Other species: see §6.4.


6.2 — Human HLA Allele Validation Against mhc_alleles.tsv.gz

For every mhc.a and mhc.b value that starts with HLA- (human entries), validate against proofreading/mhc_alleles.tsv.gz (IPD-IMGT/HLA 3.64.0, 46,005 alleles).

Validation procedure:

# 2-field allele (most common in VDJdb): use prefix match
# Example: validate HLA-DPB1*04:01
gzip -dc proofreading/mhc_alleles.tsv.gz | awk -F'\t' '$2 ~ /^HLA-DPB1\*04:01:/' | head -3

# 1-field allele (low resolution): prefix match on antigen group
# Example: validate HLA-DRB1*15
gzip -dc proofreading/mhc_alleles.tsv.gz | awk -F'\t' '$2 ~ /^HLA-DRB1\*15:/' | head -3

# 4-field allele: exact match
gzip -dc proofreading/mhc_alleles.tsv.gz | awk -F'\t' '$2 == "HLA-A*02:01:01:01"'

Interpretation:

  • Rows returned: allele (group) exists — check whether any row has confirmed = Confirmed
  • No rows returned: allele does not exist in IPD-IMGT/HLA → flag; apply §11 fixes from proofreading/mhc.md; if still absent, escalate (see "Ambiguous allele" below)
  • All rows Unconfirmed: note in proofreading log; do not reject, but flag

When a human allele is not found or ambiguous — cross-check against existing VDJdb data:

  1. Grep for the same antigen.epitope value in all existing chunks/ files:
    grep -r "<EPITOPE>" /path/to/chunks/ | cut -f10,11,12 | sort | uniq -c | sort -rn
    
  2. If other chunks use the same epitope with a well-validated allele, adopt that value (same epitope → same MHC restriction is a strong prior).
  3. If the allele differs from what the paper reports, note the discrepancy; do NOT silently overwrite — flag and ask the user.
  4. If the epitope is novel (no existing VDJdb rows), validate the allele against the paper text and mhc_alleles.tsv.gz. If still ambiguous, ask the user.

Common naming errors to fix before re-validating (full list in proofreading/mhc.md §11):

Wrong Correct
HLA-DPA*01:03 HLA-DPA1*01:03
HLA-DPB*04:01 HLA-DPB1*04:01
HLA-DQA*01 HLA-DQA1*01
HLA-DRA1*01 HLA-DRA*01
DPA1*02:02 (no prefix) HLA-DPA1*02:02

6.3 — Mouse MHC Validation

Mouse entries do not use the IPD-IMGT/HLA database. Apply these rules instead.

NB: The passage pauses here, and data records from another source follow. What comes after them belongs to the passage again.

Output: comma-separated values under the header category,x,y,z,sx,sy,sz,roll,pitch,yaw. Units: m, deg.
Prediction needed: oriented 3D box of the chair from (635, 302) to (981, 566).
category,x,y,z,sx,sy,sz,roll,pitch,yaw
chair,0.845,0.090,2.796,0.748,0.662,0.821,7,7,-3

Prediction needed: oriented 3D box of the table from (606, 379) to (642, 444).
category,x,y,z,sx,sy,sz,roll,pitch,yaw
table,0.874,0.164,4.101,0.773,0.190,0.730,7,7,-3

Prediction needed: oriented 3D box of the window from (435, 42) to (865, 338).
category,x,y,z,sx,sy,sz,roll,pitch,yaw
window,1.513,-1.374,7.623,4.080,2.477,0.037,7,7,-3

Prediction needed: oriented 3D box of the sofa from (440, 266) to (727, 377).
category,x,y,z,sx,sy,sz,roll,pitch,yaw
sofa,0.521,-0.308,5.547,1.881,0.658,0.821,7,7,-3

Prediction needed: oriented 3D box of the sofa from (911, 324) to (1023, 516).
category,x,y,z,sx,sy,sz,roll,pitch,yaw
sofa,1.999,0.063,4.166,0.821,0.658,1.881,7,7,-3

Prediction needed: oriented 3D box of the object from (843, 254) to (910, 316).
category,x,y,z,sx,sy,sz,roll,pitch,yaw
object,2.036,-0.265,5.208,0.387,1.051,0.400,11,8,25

Rule 1 — B2M for mouse MHCI alleles: Any row with species = MusMusculus, mhc.class = MHCI, and mhc.a starting with H-2 or H2- must have mhc.b = B2M. Set it if blank; flag if set to anything else.

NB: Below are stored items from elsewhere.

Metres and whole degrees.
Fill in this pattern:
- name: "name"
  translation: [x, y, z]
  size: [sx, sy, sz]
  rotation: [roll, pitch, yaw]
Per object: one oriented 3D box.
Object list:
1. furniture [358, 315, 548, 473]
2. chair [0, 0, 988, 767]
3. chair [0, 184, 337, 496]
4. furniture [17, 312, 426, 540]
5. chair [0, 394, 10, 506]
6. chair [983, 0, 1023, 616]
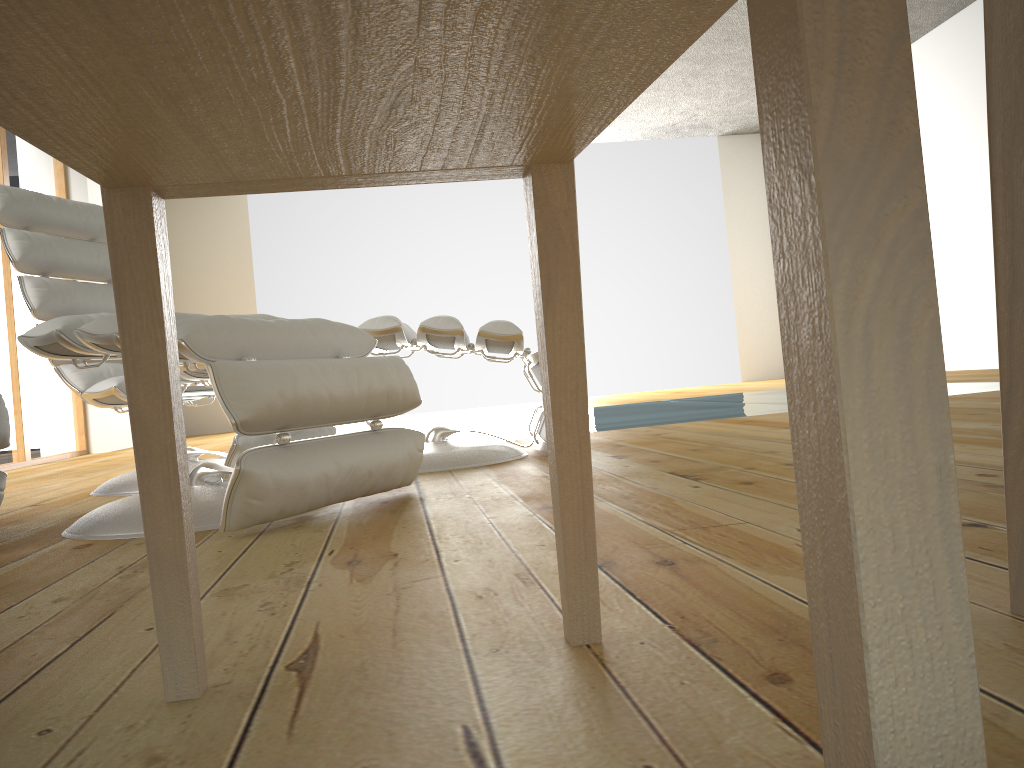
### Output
- name: "furniture"
  translation: [-0.177, 0.010, 2.639]
  size: [0.686, 0.440, 0.569]
  rotation: [-5, 0, -1]
- name: "chair"
  translation: [-0.115, -0.279, 0.529]
  size: [0.404, 1.018, 0.505]
  rotation: [-5, -1, -8]
- name: "chair"
  translation: [-1.086, -0.172, 2.796]
  size: [0.913, 0.969, 0.569]
  rotation: [-6, -1, 17]
- name: "furniture"
  translation: [-0.613, 0.053, 1.861]
  size: [0.685, 0.440, 0.570]
  rotation: [-5, 0, 28]
- name: "chair"
  translation: [-1.566, -0.124, 1.702]
  size: [0.914, 0.969, 0.569]
  rotation: [-5, -1, 2]
- name: "chair"
  translation: [0.584, -0.344, 0.566]
  size: [0.404, 1.018, 0.505]
  rotation: [-5, -1, -19]

Rule 2 — Self-fill for mouse MHCII alleles: Any row with species = MusMusculus, mhc.class = MHCII, and mhc.a starting with H2-I or I- must have mhc.b = mhc.a. This is the canonical VDJdb convention for mouse class II (the same allele string fills both fields). Set mhc.b = mhc.a if mhc.b is blank or inconsistent.

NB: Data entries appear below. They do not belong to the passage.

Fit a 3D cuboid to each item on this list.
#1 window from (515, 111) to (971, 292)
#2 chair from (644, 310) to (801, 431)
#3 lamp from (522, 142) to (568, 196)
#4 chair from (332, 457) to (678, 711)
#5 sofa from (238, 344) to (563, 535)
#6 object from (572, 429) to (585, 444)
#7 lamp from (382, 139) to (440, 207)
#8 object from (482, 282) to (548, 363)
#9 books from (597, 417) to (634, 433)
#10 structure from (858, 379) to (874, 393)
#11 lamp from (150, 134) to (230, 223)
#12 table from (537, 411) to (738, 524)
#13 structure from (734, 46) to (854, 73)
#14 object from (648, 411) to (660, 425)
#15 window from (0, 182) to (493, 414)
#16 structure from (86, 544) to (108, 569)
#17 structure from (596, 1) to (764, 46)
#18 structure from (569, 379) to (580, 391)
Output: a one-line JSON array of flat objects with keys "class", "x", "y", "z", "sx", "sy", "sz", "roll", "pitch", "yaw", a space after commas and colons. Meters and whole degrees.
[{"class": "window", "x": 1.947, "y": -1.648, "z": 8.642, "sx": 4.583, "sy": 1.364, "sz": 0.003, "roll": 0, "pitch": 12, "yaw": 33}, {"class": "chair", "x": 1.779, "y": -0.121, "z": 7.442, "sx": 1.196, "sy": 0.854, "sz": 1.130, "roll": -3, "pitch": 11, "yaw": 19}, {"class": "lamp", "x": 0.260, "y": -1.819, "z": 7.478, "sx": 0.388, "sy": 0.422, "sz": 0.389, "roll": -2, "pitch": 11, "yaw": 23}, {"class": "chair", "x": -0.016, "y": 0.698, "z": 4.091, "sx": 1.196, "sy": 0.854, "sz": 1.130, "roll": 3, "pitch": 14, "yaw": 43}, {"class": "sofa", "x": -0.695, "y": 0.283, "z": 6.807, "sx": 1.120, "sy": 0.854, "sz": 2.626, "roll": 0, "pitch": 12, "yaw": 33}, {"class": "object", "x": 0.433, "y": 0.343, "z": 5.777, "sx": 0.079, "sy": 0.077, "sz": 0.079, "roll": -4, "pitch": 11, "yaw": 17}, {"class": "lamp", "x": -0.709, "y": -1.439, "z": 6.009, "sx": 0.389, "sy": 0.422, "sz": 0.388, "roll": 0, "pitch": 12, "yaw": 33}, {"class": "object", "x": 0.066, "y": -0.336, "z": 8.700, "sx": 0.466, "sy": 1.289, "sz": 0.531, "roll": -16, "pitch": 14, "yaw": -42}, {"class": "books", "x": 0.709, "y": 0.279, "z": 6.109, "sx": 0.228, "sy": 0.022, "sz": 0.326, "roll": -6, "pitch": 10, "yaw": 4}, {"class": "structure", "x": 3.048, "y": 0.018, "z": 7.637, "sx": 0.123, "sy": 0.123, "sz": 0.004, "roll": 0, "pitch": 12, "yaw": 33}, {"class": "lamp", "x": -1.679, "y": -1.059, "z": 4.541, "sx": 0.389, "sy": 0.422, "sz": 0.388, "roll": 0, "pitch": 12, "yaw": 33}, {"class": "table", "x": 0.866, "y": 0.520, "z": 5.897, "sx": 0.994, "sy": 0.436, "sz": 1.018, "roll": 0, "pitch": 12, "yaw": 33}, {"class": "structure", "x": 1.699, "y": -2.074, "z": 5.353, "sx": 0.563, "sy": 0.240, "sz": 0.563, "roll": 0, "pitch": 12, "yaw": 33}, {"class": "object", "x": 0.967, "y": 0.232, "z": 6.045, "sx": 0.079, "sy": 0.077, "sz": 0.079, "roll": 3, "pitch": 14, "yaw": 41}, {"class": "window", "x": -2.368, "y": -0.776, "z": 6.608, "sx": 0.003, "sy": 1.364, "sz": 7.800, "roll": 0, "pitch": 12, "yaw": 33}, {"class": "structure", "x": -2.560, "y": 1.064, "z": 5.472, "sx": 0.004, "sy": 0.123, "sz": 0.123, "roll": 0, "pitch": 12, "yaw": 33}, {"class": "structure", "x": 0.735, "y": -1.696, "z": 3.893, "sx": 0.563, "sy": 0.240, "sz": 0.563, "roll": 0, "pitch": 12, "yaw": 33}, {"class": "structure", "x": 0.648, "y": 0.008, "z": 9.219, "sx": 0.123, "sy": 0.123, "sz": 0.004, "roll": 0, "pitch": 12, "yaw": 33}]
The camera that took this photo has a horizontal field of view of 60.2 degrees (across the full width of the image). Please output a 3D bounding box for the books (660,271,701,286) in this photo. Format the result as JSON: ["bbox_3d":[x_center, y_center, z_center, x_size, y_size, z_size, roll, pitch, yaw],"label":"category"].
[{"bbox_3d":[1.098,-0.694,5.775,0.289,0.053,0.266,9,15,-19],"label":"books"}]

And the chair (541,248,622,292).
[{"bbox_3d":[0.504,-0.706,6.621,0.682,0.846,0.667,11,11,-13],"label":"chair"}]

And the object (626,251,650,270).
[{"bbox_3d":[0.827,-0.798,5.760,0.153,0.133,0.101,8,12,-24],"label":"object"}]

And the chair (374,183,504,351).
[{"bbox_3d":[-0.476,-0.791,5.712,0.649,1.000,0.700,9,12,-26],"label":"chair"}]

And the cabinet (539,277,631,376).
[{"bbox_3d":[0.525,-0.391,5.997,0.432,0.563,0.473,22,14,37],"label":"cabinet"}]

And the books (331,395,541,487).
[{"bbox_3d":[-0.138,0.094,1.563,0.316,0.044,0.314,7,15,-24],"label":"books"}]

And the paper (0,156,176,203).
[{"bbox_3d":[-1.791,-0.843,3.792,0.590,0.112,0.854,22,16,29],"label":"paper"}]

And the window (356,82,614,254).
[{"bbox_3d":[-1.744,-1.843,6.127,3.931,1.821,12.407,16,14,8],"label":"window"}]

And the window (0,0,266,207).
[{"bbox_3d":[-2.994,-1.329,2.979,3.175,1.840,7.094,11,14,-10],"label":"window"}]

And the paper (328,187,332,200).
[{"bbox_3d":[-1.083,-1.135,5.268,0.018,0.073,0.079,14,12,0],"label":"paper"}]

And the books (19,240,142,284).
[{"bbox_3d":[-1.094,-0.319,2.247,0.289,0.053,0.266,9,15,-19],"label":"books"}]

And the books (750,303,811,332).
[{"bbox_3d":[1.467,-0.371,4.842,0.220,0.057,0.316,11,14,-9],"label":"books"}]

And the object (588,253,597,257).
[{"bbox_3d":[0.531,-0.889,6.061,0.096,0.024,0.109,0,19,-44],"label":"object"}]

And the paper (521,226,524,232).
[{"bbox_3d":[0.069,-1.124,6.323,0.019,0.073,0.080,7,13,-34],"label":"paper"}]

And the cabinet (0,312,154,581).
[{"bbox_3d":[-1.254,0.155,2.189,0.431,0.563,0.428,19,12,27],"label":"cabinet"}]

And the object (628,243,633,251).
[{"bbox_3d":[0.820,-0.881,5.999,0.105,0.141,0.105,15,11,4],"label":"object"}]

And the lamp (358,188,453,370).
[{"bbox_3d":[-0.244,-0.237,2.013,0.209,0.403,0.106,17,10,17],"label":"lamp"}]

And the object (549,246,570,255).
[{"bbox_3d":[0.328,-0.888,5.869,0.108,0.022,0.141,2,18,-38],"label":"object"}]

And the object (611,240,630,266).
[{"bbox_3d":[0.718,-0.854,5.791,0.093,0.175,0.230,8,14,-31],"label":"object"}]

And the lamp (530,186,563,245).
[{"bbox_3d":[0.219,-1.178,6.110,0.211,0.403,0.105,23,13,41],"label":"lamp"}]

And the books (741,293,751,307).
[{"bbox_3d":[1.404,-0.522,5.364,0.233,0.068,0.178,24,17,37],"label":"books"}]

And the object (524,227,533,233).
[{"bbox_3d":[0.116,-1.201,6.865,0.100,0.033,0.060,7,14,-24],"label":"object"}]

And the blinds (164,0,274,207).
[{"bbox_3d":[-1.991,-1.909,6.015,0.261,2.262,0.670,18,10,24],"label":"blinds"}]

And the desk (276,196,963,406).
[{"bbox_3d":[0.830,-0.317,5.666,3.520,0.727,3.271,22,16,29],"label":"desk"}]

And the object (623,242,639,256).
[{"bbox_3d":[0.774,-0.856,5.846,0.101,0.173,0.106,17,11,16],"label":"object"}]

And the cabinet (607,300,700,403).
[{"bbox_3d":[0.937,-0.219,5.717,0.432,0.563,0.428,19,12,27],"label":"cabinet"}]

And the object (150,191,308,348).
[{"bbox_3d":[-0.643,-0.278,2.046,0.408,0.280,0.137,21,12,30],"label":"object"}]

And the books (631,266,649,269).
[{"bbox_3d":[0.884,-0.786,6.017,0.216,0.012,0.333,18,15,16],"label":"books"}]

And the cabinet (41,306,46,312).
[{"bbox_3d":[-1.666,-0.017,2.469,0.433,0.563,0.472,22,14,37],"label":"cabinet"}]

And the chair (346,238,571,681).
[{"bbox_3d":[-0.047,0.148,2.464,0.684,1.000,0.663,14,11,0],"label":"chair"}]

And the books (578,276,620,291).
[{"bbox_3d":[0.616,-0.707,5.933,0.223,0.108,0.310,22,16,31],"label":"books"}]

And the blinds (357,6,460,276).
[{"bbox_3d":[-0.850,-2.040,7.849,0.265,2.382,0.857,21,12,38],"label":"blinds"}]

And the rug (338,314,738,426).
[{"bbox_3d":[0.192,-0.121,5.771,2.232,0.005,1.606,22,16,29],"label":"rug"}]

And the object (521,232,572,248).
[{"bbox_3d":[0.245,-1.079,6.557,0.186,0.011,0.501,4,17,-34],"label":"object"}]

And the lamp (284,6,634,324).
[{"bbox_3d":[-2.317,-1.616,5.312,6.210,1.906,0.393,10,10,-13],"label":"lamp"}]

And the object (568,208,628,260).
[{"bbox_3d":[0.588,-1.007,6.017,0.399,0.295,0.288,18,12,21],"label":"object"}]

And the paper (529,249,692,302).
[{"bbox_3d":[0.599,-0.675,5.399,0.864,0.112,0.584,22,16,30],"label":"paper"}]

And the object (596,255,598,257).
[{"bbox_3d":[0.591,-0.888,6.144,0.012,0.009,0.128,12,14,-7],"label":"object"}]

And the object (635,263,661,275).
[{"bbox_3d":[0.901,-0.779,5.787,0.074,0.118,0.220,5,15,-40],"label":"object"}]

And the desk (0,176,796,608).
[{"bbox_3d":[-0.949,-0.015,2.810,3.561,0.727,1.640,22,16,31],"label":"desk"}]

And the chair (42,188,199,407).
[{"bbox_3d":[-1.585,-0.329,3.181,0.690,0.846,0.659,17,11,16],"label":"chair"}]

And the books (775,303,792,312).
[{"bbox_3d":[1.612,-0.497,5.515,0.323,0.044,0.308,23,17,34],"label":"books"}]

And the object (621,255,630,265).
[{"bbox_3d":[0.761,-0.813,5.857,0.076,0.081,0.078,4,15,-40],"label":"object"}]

Rule 3 — Cross-check new allele values against existing chunks/: For a newly added mouse allele (e.g., H2-Kb, H2-IAd, H2-IEb), verify the exact string matches what is already in VDJdb:

# List all mouse MHC-I alleles used in existing chunks
cat chunks/*.txt | awk -F'\t' 'NR>1 && $9=="MusMusculus" && $12=="MHCI" {print $10}' | sort | uniq -c | sort -rn | head -20

# List all mouse MHC-II alleles used in existing chunks
cat chunks/*.txt | awk -F'\t' 'NR>1 && $9=="MusMusculus" && $12=="MHCII" {print $10, $11}' | sort | uniq -c | sort -rn | head -20

If the new allele string (e.g., H-2Kb vs H2-Kb) differs from what is already in the database, normalise to the existing form. If the allele itself is novel (new haplotype, new strain), check the paper for the exact designation and note it in the proofreading log.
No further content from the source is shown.